Wichtig ist allerdings: Im Ausland werden Krankenkosten nach dem jeweils in diesem Land geltenden Versicherungsrecht erstattet, das in vielen Fällen vom deutschen Recht abweicht. So müssen Urlauber, die beispielsweise in französische Krankenhäuser eingeliefert werden, damit rechnen, daß sie zehn Prozent der Krankenkosten selber zu bezahlen haben. Einzelheiten sind bei den heimischen Krankenkassen zu erfahren. Wer ganz auf Nummer sicher gehen will, schließt für seine Ferien eine Zusatzversicherung ab. Viele Reiseunternehmen bieten solche Versicherungen an, oft sind sie bereits ohne besondere Verabredung im Pauschalpreis für die Reise enthalten.
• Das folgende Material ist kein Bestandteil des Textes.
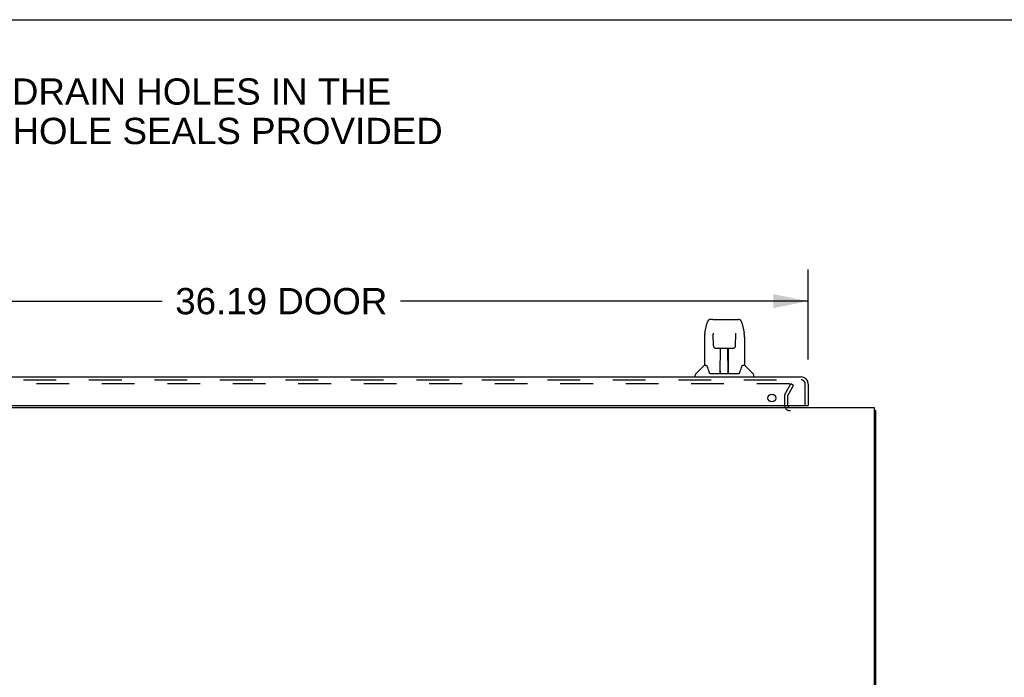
# Model space of a CAD drawing. Header units: inches. Extents: x 0 to 204, y 0 to 132.
# Tile 91 of 99: x 21 to 55, y 110 to 132. Entities that reach past the tile are written whole.
import ezdxf

# ---------------------------------------------------------------- set-up
doc = ezdxf.new("R2010")
doc.units = ezdxf.units.IN
doc.header["$LTSCALE"] = 11.243375
doc.header["$MEASUREMENT"] = 0
doc.linetypes.add('HIDDEN', pattern=[0.2, 0.1, -0.1])
doc.layers.get('0').update_dxf_attribs({"linetype": 'CONTINUOUS'})
for name, color, linetype in [('DEFAULT_2', 8, 'HIDDEN'), ('DIMENSIONS', 7, 'CONTINUOUS'), ('DOOR_ASSEMBLY', 7, 'CONTINUOUS')]:
    doc.layers.add(name, color=color, linetype=linetype)
doc.styles.get("Standard").update_dxf_attribs({"font": 'arial.ttf'})
doc.dimstyles.new('DIMSTYLE_1', dxfattribs={"dimtxt": 0.901875, "dimasz": 1.2025, "dimexe": 0.09, "dimexo": 0.07, "dimgap": 0.0375, "dimtad": 0, "dimtih": 1, "dimtoh": 1, "dimzin": 4, "dimdsep": 46, "dimtxsty": 'Standard', "dimblk": '_FILLED', "dimblk1": '_FILLED', "dimblk2": '_FILLED', "dimcen": 0.09, "dimadec": 3, "dimazin": 1, "dimtfac": 1, "dimtdec": 3, "dimtofl": 0, "dimtmove": 0, "dimatfit": 3, "dimldrblk": '_FILLED', "dimfxl": 0, "dimtolj": 1, "dimtzin": 4, "dimarcsym": 0})

# ---------------------------------------------------------------- blocks, each defined once
blk = doc.blocks.new('_FILLED')
at = {"color": 0, "linetype": 'ByBlock'}
blk.add_solid([(0, 0), (-1, 0.2), (-1, -0.2)], dxfattribs=at)
blk = doc.blocks.new('*D8')
at = {"layer": 'DIMENSIONS', "color": 2, "linetype": 'Continuous'}
for p, q in [((11.94, 120.611), (11.94, 123.696)), ((48.127, 120.611), (48.127, 123.696)), ((11.94, 122.614), (25.945, 122.614)), ((48.127, 122.614), (34.122, 122.614))]:
    blk.add_line(p, q, dxfattribs=at)
at = {"layer": 'DIMENSIONS', "color": 2, "linetype": 'Continuous', "xscale": 1.2025, "yscale": 1.2025, "zscale": 1.2025, "rotation": 180}
blk.add_blockref('_FILLED', (11.94, 122.614), dxfattribs=at)
at = {"layer": 'DIMENSIONS', "color": 2, "linetype": 'Continuous', "xscale": 1.2025, "yscale": 1.2025, "zscale": 1.2025}
blk.add_blockref('_FILLED', (48.127, 122.614), dxfattribs=at)
at = {"layer": 'DIMENSIONS', "color": 2, "linetype": 'Continuous', "insert": (30.033, 123.065), "char_height": 0.9019, "width": 7.27535, "attachment_point": 2, "line_spacing_factor": 0.9}
blk.add_mtext('36.19 DOOR', dxfattribs=at)

msp = doc.modelspace()

# ---------------------------------------------------------------- linework, layer by layer
at = {"color": 7, "linetype": 'Continuous'}
for p, q in [((0, 132.275), (204.425, 132.275)), ((50.388, 118.854), (50.44, 118.854))]:
    msp.add_line(p, q, dxfattribs=at)
at = {"color": 3, "linetype": 'Continuous'}
for p, q in [((10.242, 118.958), (50.388, 118.958)), ((50.388, 118.958), (50.388, 101.07)), ((50.44, 118.854), (50.44, 101.147))]:
    msp.add_line(p, q, dxfattribs=at)
for points in [[(50.399, 118.886), (50.401, 118.884), (50.403, 118.882), (50.405, 118.88), (50.408, 118.878), (50.411, 118.877), (50.414, 118.875), (50.417, 118.873)], [(50.417, 118.873), (50.423, 118.871), (50.425, 118.869), (50.428, 118.868), (50.43, 118.866), (50.433, 118.865), (50.435, 118.863), (50.437, 118.861), (50.438, 118.86), (50.439, 118.858), (50.439, 118.857), (50.44, 118.855), (50.44, 118.854)]]:
    msp.add_lwpolyline(points, dxfattribs=at)
for centre, radius, start, end in [((47.504, 119.043), 0.085, 184.0489, 270), ((50.251, 118.769), 0.189, 38.2806, 43.5127)]:
    msp.add_arc(centre, radius, start, end, dxfattribs=at)
at = {"layer": 'DEFAULT_2', "color": 8, "linetype": 'HIDDEN'}
for p, q in [((47.483, 119.77), (13.146, 119.77)), ((47.333, 119.431), (47.529, 119.77)), ((47.423, 119.379), (47.619, 119.718)), ((47.619, 119.718), (47.529, 119.77)), ((47.315, 119.362), (47.315, 119.043)), ((47.419, 119.362), (47.419, 119.043))]:
    msp.add_line(p, q, dxfattribs=at)
for points in [[(47.491, 119.769), (47.489, 119.769), (47.487, 119.77), (47.485, 119.77), (47.483, 119.77)], [(47.491, 119.769), (47.493, 119.768), (47.495, 119.767), (47.496, 119.766), (47.498, 119.765), (47.499, 119.764), (47.5, 119.762), (47.501, 119.761), (47.502, 119.759), (47.503, 119.757), (47.503, 119.755), (47.503, 119.754), (47.503, 119.753)], [(47.503, 119.753), (47.503, 119.752), (47.503, 119.75), (47.502, 119.748), (47.502, 119.747), (47.501, 119.745)]]:
    msp.add_lwpolyline(points, dxfattribs=at)
for centre, radius, start, end in [((47.452, 119.362), 0.137, 150, 180), ((47.452, 119.362), 0.033, 150, 180), ((47.504, 119.043), 0.189, 180, 270)]:
    msp.add_arc(centre, radius, start, end, dxfattribs=at)
at = {"layer": 'DOOR_ASSEMBLY', "color": 7, "linetype": 'Continuous'}
for p, q in [((44.578, 121.524), (44.643, 121.83)), ((44.848, 121.984), (44.767, 121.984)), ((44.849, 121.984), (45.737, 121.984)), ((44.854, 121.984), (44.853, 121.984)), ((45.861, 121.83), (45.926, 121.524)), ((44.563, 121.381), (44.563, 120.409)), ((44.864, 121.51), (44.864, 121.507)), ((44.864, 121.507), (44.864, 121.504)), ((44.864, 121.504), (44.865, 121.499)), ((44.865, 121.499), (44.865, 121.492)), ((44.865, 121.492), (44.865, 121.482)), ((44.872, 121.078), (44.865, 121.482)), ((45.632, 121.078), (45.64, 121.491)), ((45.64, 121.499), (45.64, 121.504)), ((45.64, 121.491), (45.64, 121.499)), ((45.932, 121.494), (45.926, 121.524)), ((45.941, 121.381), (45.941, 120.409)), ((44.872, 121.078), (44.873, 121.065)), ((44.952, 121), (45.072, 121)), ((45.103, 120.154), (45.118, 121.001)), ((45.109, 121.001), (45.397, 121.001)), ((45.11, 120.585), (45.11, 121.001)), ((45.117, 120.945), (45.11, 120.945)), ((45.114, 120.776), (45.11, 120.776)), ((45.114, 120.764), (45.11, 120.764)), ((45.378, 120.134), (45.363, 121.001)), ((45.364, 120.945), (45.394, 120.945)), ((45.394, 120.776), (45.367, 120.776)), ((45.394, 120.764), (45.367, 120.764)), ((45.369, 121.001), (45.369, 120.945)), ((45.394, 120.134), (45.394, 121.001)), ((45.432, 121), (45.552, 121)), ((44.557, 120.404), (44.26, 120.106)), ((44.636, 120.409), (44.563, 120.409)), ((44.633, 120.409), (44.639, 120.399)), ((45.371, 120.535), (45.394, 120.535)), ((45.394, 120.531), (45.371, 120.531)), ((45.865, 120.399), (45.871, 120.408)), ((45.941, 120.409), (45.868, 120.409)), ((45.947, 120.404), (46.245, 120.106)), ((44.248, 120.016), (44.248, 120.078)), ((44.699, 120.245), (44.714, 120.197)), ((44.714, 120.197), (44.716, 120.189)), ((44.766, 120.134), (45.738, 120.134)), ((45.104, 120.206), (45.103, 120.18)), ((45.11, 120.134), (45.11, 120.138)), ((45.377, 120.18), (45.377, 120.206)), ((45.788, 120.188), (45.791, 120.197)), ((46.256, 120.016), (46.256, 120.078)), ((48.107, 119.037), (48.127, 119.037))]:
    msp.add_line(p, q, dxfattribs=at)
at = {"layer": 'DOOR_ASSEMBLY', "color": 3, "linetype": 'Continuous'}
for p, q in [((12.186, 120.016), (47.881, 120.016)), ((48.127, 119.769), (48.127, 119.037)), ((12.19, 119.037), (48.107, 119.037))]:
    msp.add_line(p, q, dxfattribs=at)
at = {"layer": 'DOOR_ASSEMBLY', "color": 8, "linetype": 'HIDDEN'}
for p, q in [((12.186, 119.912), (47.881, 119.912)), ((48.023, 119.037), (48.023, 119.769))]:
    msp.add_line(p, q, dxfattribs=at)
at = {"layer": 'DOOR_ASSEMBLY', "color": 7, "linetype": 'Continuous'}
for points in [[(44.767, 121.984), (44.764, 121.984), (44.751, 121.983), (44.738, 121.979), (44.725, 121.974), (44.714, 121.967), (44.704, 121.96), (44.695, 121.951), (44.687, 121.941), (44.679, 121.93), (44.673, 121.919), (44.667, 121.907), (44.661, 121.893), (44.656, 121.878), (44.651, 121.861), (44.646, 121.843), (44.643, 121.83)], [(45.861, 121.83), (45.858, 121.843), (45.853, 121.861), (45.848, 121.878), (45.843, 121.893), (45.837, 121.907), (45.831, 121.919), (45.825, 121.931), (45.817, 121.941), (45.809, 121.951), (45.8, 121.96), (45.79, 121.968), (45.778, 121.974), (45.766, 121.979), (45.753, 121.983), (45.739, 121.984), (45.737, 121.984)], [(44.578, 121.524), (44.573, 121.494), (44.567, 121.454), (44.564, 121.414), (44.563, 121.381)], [(44.864, 121.513), (44.864, 121.513), (44.864, 121.513), (44.864, 121.513), (44.864, 121.512), (44.864, 121.512), (44.864, 121.511), (44.864, 121.51)], [(45.64, 121.504), (45.64, 121.507), (45.64, 121.509), (45.64, 121.51), (45.64, 121.511), (45.64, 121.512), (45.64, 121.513), (45.64, 121.513)], [(45.941, 121.381), (45.94, 121.414), (45.937, 121.454), (45.932, 121.494)], [(44.873, 121.065), (44.877, 121.052), (44.882, 121.041), (44.889, 121.03), (44.898, 121.021), (44.908, 121.013), (44.919, 121.007), (44.931, 121.003), (44.942, 121.001), (44.951, 121)], [(45.553, 121), (45.563, 121.001), (45.575, 121.003), (45.587, 121.007), (45.598, 121.014), (45.607, 121.022), (45.616, 121.031), (45.623, 121.042), (45.628, 121.053), (45.631, 121.066), (45.632, 121.078)], [(45.072, 121), (45.076, 121), (45.085, 121), (45.093, 121.001)], [(45.093, 121.001), (45.101, 121.001), (45.109, 121.001)], [(45.397, 121.001), (45.405, 121.001), (45.413, 121.001)], [(45.413, 121.001), (45.421, 121), (45.429, 121), (45.432, 121)], [(44.639, 120.399), (44.653, 120.371), (44.667, 120.335), (44.683, 120.293), (44.699, 120.245)], [(45.791, 120.197), (45.805, 120.243), (45.821, 120.291), (45.836, 120.334), (45.851, 120.37), (45.865, 120.399)], [(44.716, 120.189), (44.721, 120.176), (44.726, 120.166), (44.731, 120.157)], [(44.731, 120.157), (44.736, 120.15), (44.742, 120.144), (44.749, 120.139), (44.756, 120.136), (44.764, 120.134), (44.766, 120.134)], [(45.738, 120.134), (45.74, 120.134), (45.748, 120.135), (45.755, 120.139), (45.762, 120.143), (45.768, 120.149), (45.773, 120.157)], [(45.773, 120.157), (45.778, 120.165), (45.783, 120.176), (45.788, 120.188)]]:
    msp.add_lwpolyline(points, dxfattribs=at)
at = {"layer": 'DOOR_ASSEMBLY', "color": 3, "linetype": 'Continuous'}
msp.add_circle((46.877, 119.287), 0.133, dxfattribs=at)
at = {"layer": 'DOOR_ASSEMBLY', "color": 7, "linetype": 'Continuous'}
for centre, radius, start, end in [((44.571, 120.39), 0.0197, 97.5, 135), ((45.933, 120.39), 0.0197, 45, 82.5), ((44.288, 120.078), 0.0394, 135, 180), ((45.123, 120.154), 0.0197, 179, 270), ((45.123, 120.154), 0.0197, 260.739, 269.9232), ((45.358, 120.154), 0.0197, 270, 1), ((45.358, 120.154), 0.0197, 270.0771, 272.6469), ((46.217, 120.078), 0.0394, 0, 45)]:
    msp.add_arc(centre, radius, start, end, dxfattribs=at)
at = {"layer": 'DOOR_ASSEMBLY', "color": 3, "linetype": 'Continuous'}
msp.add_arc((47.881, 119.769), 0.246, 0, 90, dxfattribs=at)
at = {"layer": 'DOOR_ASSEMBLY', "color": 8, "linetype": 'HIDDEN'}
msp.add_arc((47.881, 119.769), 0.142, 0, 90, dxfattribs=at)
at = {"layer": 'DOOR_ASSEMBLY', "color": 7, "linetype": 'Continuous'}
for centre, major_axis, start_param, end_param in [((45.103, 120.173), (0, 0.0394), -2.940151, -2.835574), ((45.378, 120.173), (0.0394, 0), -1.876815, -1.570796)]:
    msp.add_ellipse(centre, major_axis=major_axis, ratio=1, start_param=start_param, end_param=end_param, dxfattribs=at)

# ---------------------------------------------------------------- texts
at = {"layer": 'DIMENSIONS', "color": 2, "linetype": 'Continuous', "insert": (18.881, 130.26), "char_height": 0.90187, "width": 33.32579, "attachment_point": 2, "line_spacing_factor": 0.9}
msp.add_mtext('WASH SYSTEM 2" SQUARE DRAIN HOLES IN THE\\PBOTTOM WITH UL APPROVED HOLE SEALS PROVIDED', dxfattribs=at)

# ---------------------------------------------------------------- dimensions: what is measured, and where the dimension line sits
at = {"layer": 'DIMENSIONS', "color": 2, "linetype": 'Continuous'}
dim = msp.add_linear_dim(base=(11.94, 122.614), p1=(48.127, 120.541), p2=(11.94, 120.541), angle=180, text='<> DOOR', dimstyle='DIMSTYLE_1', dxfattribs=at)
dim.commit()
dim.dimension.update_dxf_attribs({"geometry": '*D8', "text_midpoint": (30.033, 122.614), "dimtype": 160})

doc.saveas('drawing.dxf')

Hin und wieder passiert es allerdings auch außerhalb Österreichs, daß die Ärzte bei deutschen Kunden privat liquidieren. Die Allgemeinen Ortskrankenkassen raten, in all diesen Fällen möglichst genau spezifizierte Rechnungen mitzubringen und nach der Rückkehr aus dem Urlaub bei der Kasse einzureichen. „Aus Kulanzgründen“, so Abteilungsdirektor Jauch von der AOK Hamburg, „erstatten wir dann meistens diejenigen Kosten, die nach dem jeweiligen Versicherungsrecht sonst erstattet worden wären,“ Ein Rechtsanspruch auf diese Erstattung besteht allerdings nicht.

Auch Österreich-Urlauber sollen ihre Privat-Rechnungen bei ihrer jeweiligen Pflichtkrankenkasse einreichen. Ihnen wird das österreichische Pflicht-Honorar auf jeden Fall zurückerstattet. Die zum Teil erklecklichen Differenzbeträge zwischen Erstattungsbetrag und Rechnungsbetrag gehen freilich zu Lasten des Urlaubers. Wer dieses Risiko scheut und auch keine Zusatzversicherung abschließen will, sollte Tirol, Salzburg und die Steiermark meiden und in die österreichischen Bundesländer Kärnten, Vorarlberg, Ober- und Niederösterreich fahren. Dort werden deutsche Kassenpatienten mit Krankenschein von allen Ärzten widerspruchslos akzeptiert.